Sophie is looking forward to starting a new life at University; it means reuniting with her best friend, escaping from her overbearing mother, and pursuing her love of art. The new town, however, has a number of secrets, including a nightclub with a highly sinister owner. Weirdest of all, she’s been bitten by a fox – and the fox is now appearing in her dreams and nightmares …
“Dark Is Her Nature” by Judith Berens (Book 1 of “The School of Necessary Magic” series).

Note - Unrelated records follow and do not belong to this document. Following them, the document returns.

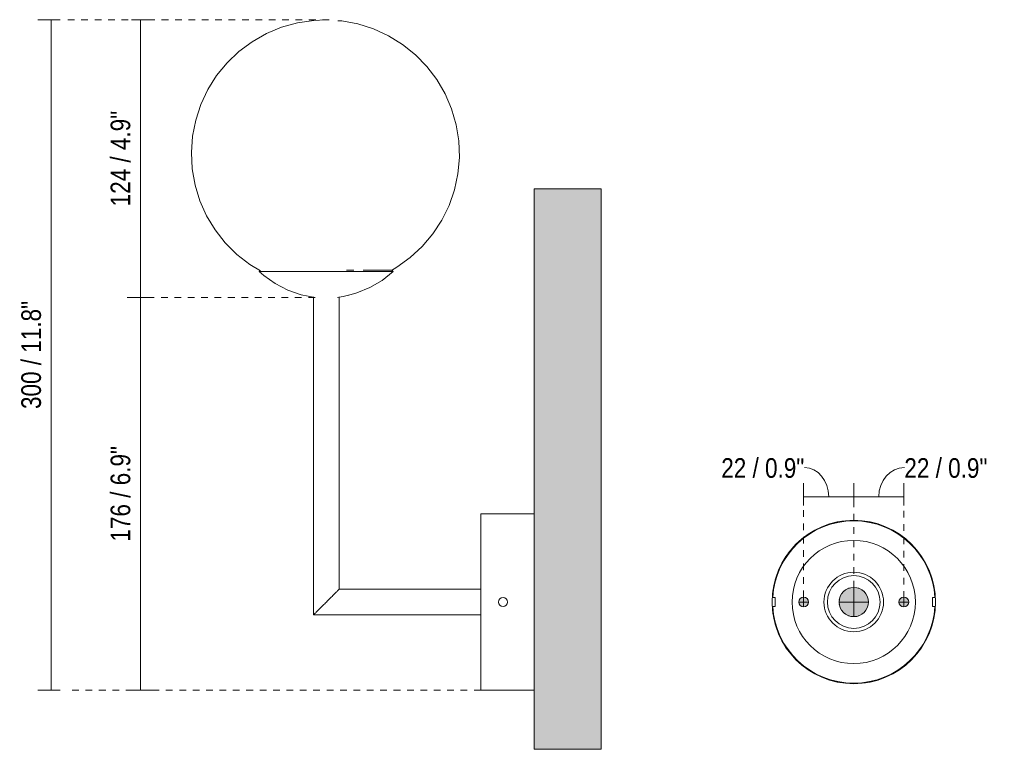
# Model space of a CAD drawing. Header units: millimetres. Extents: x -6717 to -5373, y -1405 to 6799.
# Tile 3 of 4: x -5815 to -5373, y 199 to 526. Entities that reach past the tile are written whole.
import ezdxf

# ---------------------------------------------------------------- set-up
doc = ezdxf.new("R2010")
doc.units = ezdxf.units.MM
doc.linetypes.add('Dash', pattern=[6, 3, -3])
for name, color, linetype, lineweight in [('Cotas', 7, 'Continuous', 9), ('Cotas-4', 7, 'Continuous', 9), ('Elementos de detalle', 7, 'Continuous', 9), ('Lighthing Fixture Dim Black SOL', 7, 'Continuous', 9), ('Luminarias', 7, 'Continuous', 20), ('Muros', 7, 'Continuous', 9)]:
    doc.layers.add(name, color=color, linetype=linetype, lineweight=lineweight)
doc.layers.add('Lighthing Fixture Detail Wide Grey', color=7, linetype='Continuous', lineweight=20, true_color=0x787878)
doc.layers.add('Lighthing Fixture Dim Grey Dash', color=7, linetype='Dash', lineweight=9, true_color=0xd2d2d2)
doc.styles.add('Arial Narrow', font='ARIALN.TTF', dxfattribs={"height": 8.8})
doc.dimstyles.new('FARO_-_2_2mm_Arial_Narrow_mm_Inch_Left', dxfattribs={"dimscale": 304.8, "dimtxt": 9.006193, "dimasz": 0, "dimexe": 0.019685, "dimexo": 0.0625, "dimgap": 0.006562, "dimtad": 1, "dimdec": 0, "dimzin": 0, "dimdsep": 46, "dimtxsty": 'Arial Narrow', "dimblk1": 'NONE', "dimblk2": 'NONE', "dimsah": 1, "dimcen": 0.09, "dimadec": 0, "dimazin": 0, "dimtfac": 1, "dimtdec": 4, "dimtix": 1, "dimtmove": 0, "dimatfit": 3, "dimfxl": 0.013123, "dimfxlon": 1, "dimtvp": 1, "dimtolj": 1, "dimtzin": 0, "dimarcsym": 2})
doc.dimstyles.new('FARO_-_2_2mm_Arial_Narrow_mm_Inch_Left_2', dxfattribs={"dimscale": 304.8, "dimtxt": 9.006193, "dimasz": 0, "dimexe": 0.019685, "dimexo": 0.0625, "dimgap": 0.006562, "dimtad": 1, "dimdec": 0, "dimzin": 0, "dimdsep": 46, "dimtxsty": 'Arial Narrow', "dimblk1": 'NONE', "dimblk2": 'NONE', "dimsah": 1, "dimcen": 0.09, "dimadec": 0, "dimazin": 0, "dimtfac": 1, "dimtdec": 4, "dimtix": 1, "dimtmove": 1, "dimatfit": 3, "dimfxl": 0.013123, "dimfxlon": 1, "dimtvp": 1, "dimtolj": 1, "dimtzin": 0, "dimarcsym": 2})

# ---------------------------------------------------------------- blocks, each defined once
blk = doc.blocks.new('63504 - 63504 GALA Chrome wall lamp-559485-Lateral_PDF')
at = {"layer": 'Luminarias'}
for p, q in [((-3371.72, 413.41), (-3372.15, 412.94)), ((-3372.15, 412.94), (-3312.19, 412.94)), ((-3333.08, 413.53), (-3332.95, 413.53)), ((-3332.72, 413.53), (-3329.75, 413.53)), ((-3325.57, 413.53), (-3312.74, 413.53)), ((-3312.19, 412.94), (-3312.74, 413.53)), ((-3347.86, 401.53), (-3347.86, 259.08)), ((-3336.36, 270.58), (-3336.36, 401.53)), ((-3248.96, 304.33), (-3272.96, 304.33)), ((-3272.96, 304.33), (-3272.96, 225.33)), ((-3272.96, 270.58), (-3336.36, 270.58)), ((-3347.86, 259.08), (-3272.96, 259.08)), ((-3272.96, 225.33), (-3248.96, 225.33))]:
    blk.add_line(p, q, dxfattribs=at)
at = {"layer": 'Luminarias', "flags": 128}
for points in [[(-3371.61, 413.21), (-3376.36, 416.04), (-3382.18, 420.56), (-3387.4, 425.75), (-3391.95, 431.55), (-3395.76, 437.86), (-3398.76, 444.59), (-3400.92, 451.64), (-3402.19, 458.9), (-3402.57, 466.26), (-3402.04, 473.61), (-3400.62, 480.84), (-3398.32, 487.84), (-3395.18, 494.51), (-3391.25, 500.74), (-3386.59, 506.45), (-3381.26, 511.54), (-3375.34, 515.93), (-3368.94, 519.58), (-3362.13, 522.4), (-3355.03, 524.38), (-3347.74, 525.47), (-3342.53, 525.69)], [(-3336.92, 525.35), (-3335.18, 525.24), (-3327.93, 523.89), (-3320.91, 521.66), (-3314.21, 518.59), (-3307.93, 514.72), (-3302.18, 510.12), (-3297.04, 504.84), (-3292.58, 498.97), (-3288.88, 492.6), (-3285.98, 485.82), (-3283.93, 478.74), (-3282.77, 471.47), (-3282.51, 464.1), (-3283.15, 456.76), (-3284.69, 449.55), (-3287.09, 442.59), (-3290.34, 435.97), (-3294.36, 429.8), (-3299.12, 424.17), (-3304.53, 419.16), (-3310.51, 414.86), (-3312.96, 413.46)], [(-3347.17, 401.37), (-3353.39, 402.56), (-3359.37, 404.63), (-3365, 407.52), (-3370.16, 411.19), (-3372.15, 412.94)], [(-3312.19, 412.94), (-3317.12, 408.97), (-3322.57, 405.74), (-3328.42, 403.32), (-3332.04, 402.4)], [(-3332.18, 402.36), (-3334.55, 401.76), (-3337.17, 401.37)]]:
    blk.add_lwpolyline(points, dxfattribs=at)
at = {"layer": 'Luminarias'}
for start, end in [(0, 180), (180, 0)]:
    blk.add_arc((-3262.96, 264.83), 2, start, end, dxfattribs=at)
for points, knots in [([(-3342.11, 264.83), (-3341.61, 265.34), (-3340.86, 266.08), (-3339.9, 267.04), (-3339.34, 267.6), (-3338.91, 268.02), (-3338.51, 268.43), (-3338.13, 268.81), (-3337.78, 269.15), (-3337.47, 269.47), (-3337.12, 269.82), (-3336.78, 270.16), (-3336.46, 270.48), (-3336.36, 270.58), (-3336.36, 270.58)], [0, 0, 0, 0, 0.0833333, 0.125, 0.1666667, 0.1875, 0.2083333, 0.25, 0.2708333, 0.2916667, 0.3333333, 0.375, 0.4166667, 0.5, 0.5, 0.5, 0.5]), ([(-3347.86, 259.08), (-3347.86, 259.08), (-3347.76, 259.18), (-3347.44, 259.5), (-3347.1, 259.84), (-3346.75, 260.18), (-3346.44, 260.51), (-3346.09, 260.85), (-3345.62, 261.32), (-3345.1, 261.84), (-3344.66, 262.28), (-3344.2, 262.74), (-3343.36, 263.58), (-3342.61, 264.32), (-3342.11, 264.83)], [0.5, 0.5, 0.5, 0.5, 0.5833333, 0.625, 0.6666667, 0.7083333, 0.7291667, 0.75, 0.7916667, 0.8333333, 0.8541667, 0.875, 0.9166667, 1, 1, 1, 1])]:
    blk.add_open_spline(points, degree=3, knots=knots, dxfattribs=at)
blk = doc.blocks.new('63504 - 63504 GALA Chrome wall lamp-559485-Alzado_PDF Fixing')
at = {"layer": 'Luminarias'}
for p, q in [((6587.5, 300.68), (6583.98, 299.83)), ((6594.5, 301.43), (6589.2, 301.02)), ((6604.92, 299.86), (6601.31, 300.72)), ((6577.16, 297), (6574.08, 295.12)), ((6582.08, 299.18), (6578.96, 297.89)), ((6609.93, 297.94), (6606.81, 299.22)), ((6614.78, 295.21), (6611.75, 297.05)), ((6572.62, 294.14), (6568.61, 290.71)), ((6620.3, 290.8), (6616.3, 294.19)), ((6568.58, 290.69), (6565.16, 286.67)), ((6623.78, 286.74), (6620.37, 290.71)), ((6564.16, 285.17), (6562.3, 282.13)), ((6626.65, 282.21), (6624.74, 285.31)), ((6561.41, 280.32), (6560.12, 277.2)), ((6628.83, 277.3), (6627.53, 280.42)), ((6559.48, 275.3), (6558.64, 271.77)), ((6630.32, 271.93), (6629.49, 275.39)), ((6558.3, 270.06), (6558.05, 266.83)), ((6630.95, 266.83), (6630.68, 270.15)), ((6559.24, 266.83), (6558.02, 266.83)), ((6559.24, 266.83), (6559.24, 264.83)), ((6559.24, 264.83), (6559.24, 262.83)), ((6630.97, 266.83), (6629.75, 266.83)), ((6629.75, 266.83), (6629.75, 264.83)), ((6629.75, 264.83), (6629.75, 262.83)), ((6558.02, 262.83), (6559.24, 262.83)), ((6558.05, 262.83), (6558.31, 259.51)), ((6629.75, 262.83), (6630.97, 262.83)), ((6630.69, 259.6), (6630.94, 262.83)), ((6558.67, 257.73), (6559.51, 254.27)), ((6629.52, 254.36), (6630.36, 257.89)), ((6560.16, 252.36), (6561.46, 249.24)), ((6627.58, 249.34), (6628.87, 252.46)), ((6562.34, 247.45), (6564.25, 244.35)), ((6624.83, 244.48), (6626.69, 247.53)), ((6565.21, 242.91), (6568.62, 238.95)), ((6620.41, 238.97), (6623.83, 242.99)), ((6568.69, 238.86), (6572.69, 235.47)), ((6616.37, 235.52), (6620.38, 238.95)), ((6574.22, 234.45), (6577.24, 232.61)), ((6611.84, 232.65), (6614.91, 234.54)), ((6579.06, 231.72), (6582.18, 230.44)), ((6584.07, 229.79), (6587.68, 228.94)), ((6601.49, 228.98), (6605.01, 229.82)), ((6606.92, 230.47), (6610.03, 231.77)), ((6594.5, 228.22), (6599.79, 228.64))]:
    blk.add_line(p, q, dxfattribs=at)
for radius, start, end in [(36.38, 90, 176.8408), (36.38, 3.1592, 90), (27.62, 90, 270), (27.62, 270, 90), (13.35, 90, 270), (13.35, 270, 90), (11.81, 90, 270), (11.81, 270, 90), (6.56, 126.6454, 132.023), (6.56, 107.977, 113.3546), (6.56, 66.6454, 72.023), (6.56, 47.977, 53.3546), (6.56, 167.977, 173.3546), (6.56, 6.6454, 12.023), (36.38, 183.1592, 270), (6.56, 186.6454, 192.023), (36.38, 270, 356.8408), (6.56, 347.977, 353.3546), (6.56, 227.977, 233.3546), (6.56, 246.6454, 252.023), (6.56, 287.977, 293.3546), (6.56, 306.6454, 312.023)]:
    blk.add_arc((6594.5, 264.83), radius, start, end, dxfattribs=at)
blk = doc.blocks.new('DIMBLOCK7-Lateral_PDF')
at = {"layer": 'Cotas-4', "color": 251, "true_color": 0x5b5b5b}
for p, q in [((-5760.45, 525.8), (-5764.45, 525.8)), ((-5760.45, 525.8), (-5760.45, 401.37)), ((-5760.45, 525.8), (-5754.45, 525.8)), ((-5760.45, 401.37), (-5766.45, 401.37)), ((-5760.45, 401.37), (-5756.45, 401.37))]:
    blk.add_line(p, q, dxfattribs=at)
at = {"layer": 'Cotas-4', "color": 0, "insert": (-5773.82, 442.14), "char_height": 8.8, "width": 51.464, "attachment_point": 1, "rotation": 90, "line_spacing_factor": 0.974696, "style": 'Arial Narrow'}
blk.add_mtext('124 / 4.9"', dxfattribs=at)
blk = doc.blocks.new('_None')
blk = doc.blocks.new('DIMBLOCK8-Lateral_PDF')
at = {"layer": 'Cotas-4', "color": 251, "true_color": 0x5b5b5b}
for p, q in [((-5760.45, 401.37), (-5766.45, 401.37)), ((-5760.45, 401.37), (-5760.45, 225.33)), ((-5760.45, 401.37), (-5756.45, 401.37)), ((-5760.45, 225.33), (-5764.45, 225.33)), ((-5760.45, 225.33), (-5754.45, 225.33))]:
    blk.add_line(p, q, dxfattribs=at)
at = {"layer": 'Cotas-4', "color": 0, "insert": (-5773.82, 291.91), "char_height": 8.8, "width": 51.464, "attachment_point": 1, "rotation": 90, "line_spacing_factor": 0.974696, "style": 'Arial Narrow'}
blk.add_mtext('176 / 6.9"', dxfattribs=at)
blk = doc.blocks.new('DIMBLOCK9-Lateral_PDF')
at = {"layer": 'Cotas-4', "color": 251, "true_color": 0x5b5b5b}
for p, q in [((-5800.45, 525.8), (-5806.45, 525.8)), ((-5800.45, 525.8), (-5800.45, 225.33)), ((-5800.45, 525.8), (-5796.45, 525.8)), ((-5800.45, 225.33), (-5806.45, 225.33)), ((-5800.45, 225.33), (-5796.45, 225.33))]:
    blk.add_line(p, q, dxfattribs=at)
at = {"layer": 'Cotas-4', "color": 0, "insert": (-5813.82, 351.33), "char_height": 8.8, "width": 58.1543, "attachment_point": 1, "rotation": 90, "line_spacing_factor": 0.974696, "style": 'Arial Narrow'}
blk.add_mtext('300 / 11.8"', dxfattribs=at)
blk = doc.blocks.new('DIMBLOCK10-Alzado_PDF Fixing')
at = {"layer": 'Cotas-4', "color": 251, "true_color": 0x5b5b5b}
for p, q in [((-5463.37, 312.03), (-5463.37, 318.03)), ((-5440.92, 312.03), (-5440.92, 318.03)), ((-5463.37, 312.03), (-5440.92, 312.03)), ((-5463.37, 312.03), (-5463.37, 308.03)), ((-5440.92, 312.03), (-5440.92, 308.03))]:
    blk.add_line(p, q, dxfattribs=at)
blk.add_ellipse((-5462.96, 312.03), major_axis=(0, 13.04), ratio=0.829975, start_param=4.712389, end_param=6.283185, dxfattribs=at)
at = {"layer": 'Cotas-4', "color": 0, "insert": (-5500.28, 329.29), "char_height": 8.8, "width": 44.7736, "attachment_point": 1, "line_spacing_factor": 0.974696, "style": 'Arial Narrow'}
blk.add_mtext('22 / 0.9"', dxfattribs=at)
blk = doc.blocks.new('DIMBLOCK11-Alzado_PDF Fixing')
at = {"layer": 'Cotas-4', "color": 251, "true_color": 0x5b5b5b}
for p, q in [((-5440.92, 312.03), (-5440.92, 318.03)), ((-5418.47, 312.03), (-5418.47, 318.03)), ((-5440.92, 312.03), (-5418.47, 312.03)), ((-5440.92, 312.03), (-5440.92, 308.03)), ((-5418.47, 312.03), (-5418.47, 308.03))]:
    blk.add_line(p, q, dxfattribs=at)
blk.add_ellipse((-5418.24, 312.03), major_axis=(0, 13.04), ratio=0.878409, start_param=0, end_param=1.570796, dxfattribs=at)
at = {"layer": 'Cotas-4', "color": 0, "insert": (-5418.24, 329.29), "char_height": 8.8, "width": 44.7736, "attachment_point": 1, "line_spacing_factor": 0.974696, "style": 'Arial Narrow'}
blk.add_mtext('22 / 0.9"', dxfattribs=at)

msp = doc.modelspace()

# ---------------------------------------------------------------- hatches: boundary and pattern name
at = {"layer": 'Elementos de detalle', "true_color": 0xc0c0c0}
h = msp.add_hatch(color=9, dxfattribs=at)
h.paths.add_polyline_path([(-5440.92, 258.27), (-5439.22, 258.5), (-5437.62, 259.17), (-5436.28, 260.19), (-5435.24, 261.55), (-5434.59, 263.13), (-5434.38, 264.96), (-5434.59, 266.53), (-5435.24, 268.11), (-5436.28, 269.46), (-5437.64, 270.51), (-5439.22, 271.16), (-5440.92, 271.38), (-5442.61, 271.16), (-5444.2, 270.51), (-5445.56, 269.46), (-5446.59, 268.11), (-5447.25, 266.53), (-5447.47, 264.83), (-5447.25, 263.13), (-5446.59, 261.55), (-5445.55, 260.19), (-5444.2, 259.15), (-5442.6, 258.5)])
h.paths.add_polyline_path([(-5418.47, 262.63), (-5417.9, 262.7), (-5417.37, 262.92), (-5416.91, 263.27), (-5416.56, 263.73), (-5416.34, 264.26), (-5416.28, 264.96), (-5416.34, 265.4), (-5416.56, 265.93), (-5416.91, 266.38), (-5417.37, 266.73), (-5417.9, 266.95), (-5418.47, 267.03), (-5419.03, 266.95), (-5419.57, 266.73), (-5420.02, 266.38), (-5420.37, 265.93), (-5420.59, 265.4), (-5420.67, 264.83), (-5420.59, 264.26), (-5420.37, 263.73), (-5420.02, 263.27), (-5419.57, 262.92), (-5419.03, 262.7)])
h.paths.add_polyline_path([(-5463.37, 262.63), (-5462.8, 262.7), (-5462.27, 262.92), (-5461.82, 263.27), (-5461.47, 263.73), (-5461.25, 264.26), (-5461.19, 264.96), (-5461.25, 265.4), (-5461.47, 265.93), (-5461.82, 266.38), (-5462.27, 266.73), (-5462.8, 266.95), (-5463.37, 267.03), (-5463.94, 266.95), (-5464.47, 266.73), (-5465.02, 266.27), (-5465.28, 265.93), (-5465.5, 265.4), (-5465.57, 264.83), (-5465.5, 264.26), (-5465.28, 263.73), (-5464.93, 263.27), (-5464.47, 262.92), (-5463.94, 262.7)])
at = {"layer": 'Muros', "true_color": 0xfafafa}
msp.add_hatch(color=7, dxfattribs=at).paths.add_polyline_path([(-5584.03, 198.82), (-5554.03, 198.82), (-5554.03, 450), (-5584.03, 450), (-5584.03, 222.83)])

# ---------------------------------------------------------------- linework, layer by layer
at = {"layer": 'Lighthing Fixture Detail Wide Grey'}
for centre, radius, start, end in [((-5440.92, 264.83), 36.61, 90, 270), ((-5440.92, 264.83), 36.61, 270, 90), ((-5440.92, 264.83), 6.56, 90, 270), ((-5440.92, 264.83), 6.56, 270, 90), ((-5463.37, 264.83), 2.2, 360, 180), ((-5463.37, 264.83), 2.2, 180, 0), ((-5418.47, 264.83), 2.2, 360, 180), ((-5418.47, 264.83), 2.2, 180, 0)]:
    msp.add_arc(centre, radius, start, end, dxfattribs=at)
at = {"layer": 'Lighthing Fixture Dim Black SOL'}
for p, q in [((-5440.92, 271.39), (-5440.92, 258.27)), ((-5461.17, 264.83), (-5465.57, 264.83)), ((-5463.37, 267.03), (-5463.37, 262.63)), ((-5447.47, 264.83), (-5434.36, 264.83)), ((-5416.27, 264.83), (-5420.67, 264.83)), ((-5418.47, 267.03), (-5418.47, 262.63))]:
    msp.add_line(p, q, dxfattribs=at)
at = {"layer": 'Lighthing Fixture Dim Grey Dash'}
for p, q in [((-5675.96, 525.8), (-5793.03, 525.8)), ((-5682.24, 401.37), (-5757.24, 401.37)), ((-5463.37, 267.03), (-5463.37, 312.03)), ((-5440.92, 271.39), (-5440.92, 312.03)), ((-5418.47, 266.74), (-5418.47, 312.03)), ((-5608.03, 225.33), (-5793.03, 225.33))]:
    msp.add_line(p, q, dxfattribs=at)
at = {"layer": 'Muros', "color": 254, "true_color": 0xcccccc}
for p, q in [((-5584.03, 198.82), (-5584.03, 450)), ((-5584.03, 450), (-5554.03, 450)), ((-5554.03, 450), (-5554.03, 198.82)), ((-5554.03, 198.82), (-5584.03, 198.82))]:
    msp.add_line(p, q, dxfattribs=at)

# ---------------------------------------------------------------- block references
at = {"layer": 'Luminarias'}
for name, p in [('63504 - 63504 GALA Chrome wall lamp-559485-Lateral_PDF', (-2335.07, 0)), ('63504 - 63504 GALA Chrome wall lamp-559485-Alzado_PDF Fixing', (-12035.41, 0))]:
    msp.add_blockref(name, p, dxfattribs=at)

# ---------------------------------------------------------------- dimensions: what is measured, and where the dimension line sits
at = {"layer": 'Cotas', "color": 251, "true_color": 0x5b5b5b}
for base, p1, p2, override, picture, middle in [((-5800.45, 225.33), (-5796.45, 525.8), (-5796.45, 225.33), {"dimpost": '<>', "dimfxl": 300.472657}, 'DIMBLOCK9-Lateral_PDF', (-5808.14, 375.57)), ((-5760.45, 401.37), (-5764.45, 525.8), (-5756.45, 401.37), {"dimpost": '<>', "dimfxl": 124.688921}, 'DIMBLOCK7-Lateral_PDF', (-5768.14, 463.59)), ((-5760.45, 225.33), (-5756.45, 401.37), (-5764.45, 225.33), {"dimpost": '<>', "dimfxl": 176.222322}, 'DIMBLOCK8-Lateral_PDF', (-5768.14, 313.35))]:
    dim = msp.add_linear_dim(base=base, p1=p1, p2=p2, angle=90, dimstyle='FARO_-_2_2mm_Arial_Narrow_mm_Inch_Left', override=override, dxfattribs=at)
    dim.commit()
    dim.dimension.update_dxf_attribs({"geometry": picture, "text_midpoint": middle})
for base, p1, p2, picture, middle in [((-5440.92, 312.03), (-5463.37, 308.03), (-5440.92, 308.03), 'DIMBLOCK10-Alzado_PDF Fixing', (-5477.89, 323.42)), ((-5418.47, 312.03), (-5440.92, 308.03), (-5418.47, 308.03), 'DIMBLOCK11-Alzado_PDF Fixing', (-5395.85, 323.42))]:
    dim = msp.add_linear_dim(base=base, p1=p1, p2=p2, dimstyle='FARO_-_2_2mm_Arial_Narrow_mm_Inch_Left_2', override={"dimpost": '<>', "dimfxl": 22.452815}, dxfattribs=at)
    dim.commit()
    dim.dimension.update_dxf_attribs({"geometry": picture, "text_midpoint": middle, "dimtype": 160})

doc.saveas('drawing.dxf')

This novel starts not with a bang, but with a fireball – thrown at Izzie’s family by rival sorcerers as they are trying to flee persecution. Her parents realize that the safest place for her is in hiding – as a freshman at the School of Necessary Magic – with her memories wiped. Alone in a strange new school, she must build a new life for herself, make new friends, learn to harness her new powers. But the sorcerers who forced her to flee her home are still looking for her – and the family she doesn’t know she has …
“Wings and Destruction” by G. K. DeRosa (Book 1 of the Vampire and Angel Wars).
What could be more awesome than angels at war? How about … angels at war with vampires? When Book 1 starts, the Earth has already been destroyed. Liv, the main character, survives by scavenging in a post-apocalyptic urban wilderness. With her family gone, her only companions are her best friend Asher and her dog Duke – until Asher is captured by a Nephilim foraging party. In her attempts to follow him to the hellish fortress where he is being held, she encounters Declan, who offers her help and transportation. Declan also has a shocking secret … one that will force Liv to question everything she knows and loves … and reevaluate her place in this new volatile world …
NB: We thought about calling this blog post “Best Young Adult Urban Fantasy Books.” However, the label ‘Young Adult’ can be confusing these days, as books such as the above are being read and enjoyed by people of all ages. And with good reason – they’re all fantastic – in every sense of that word!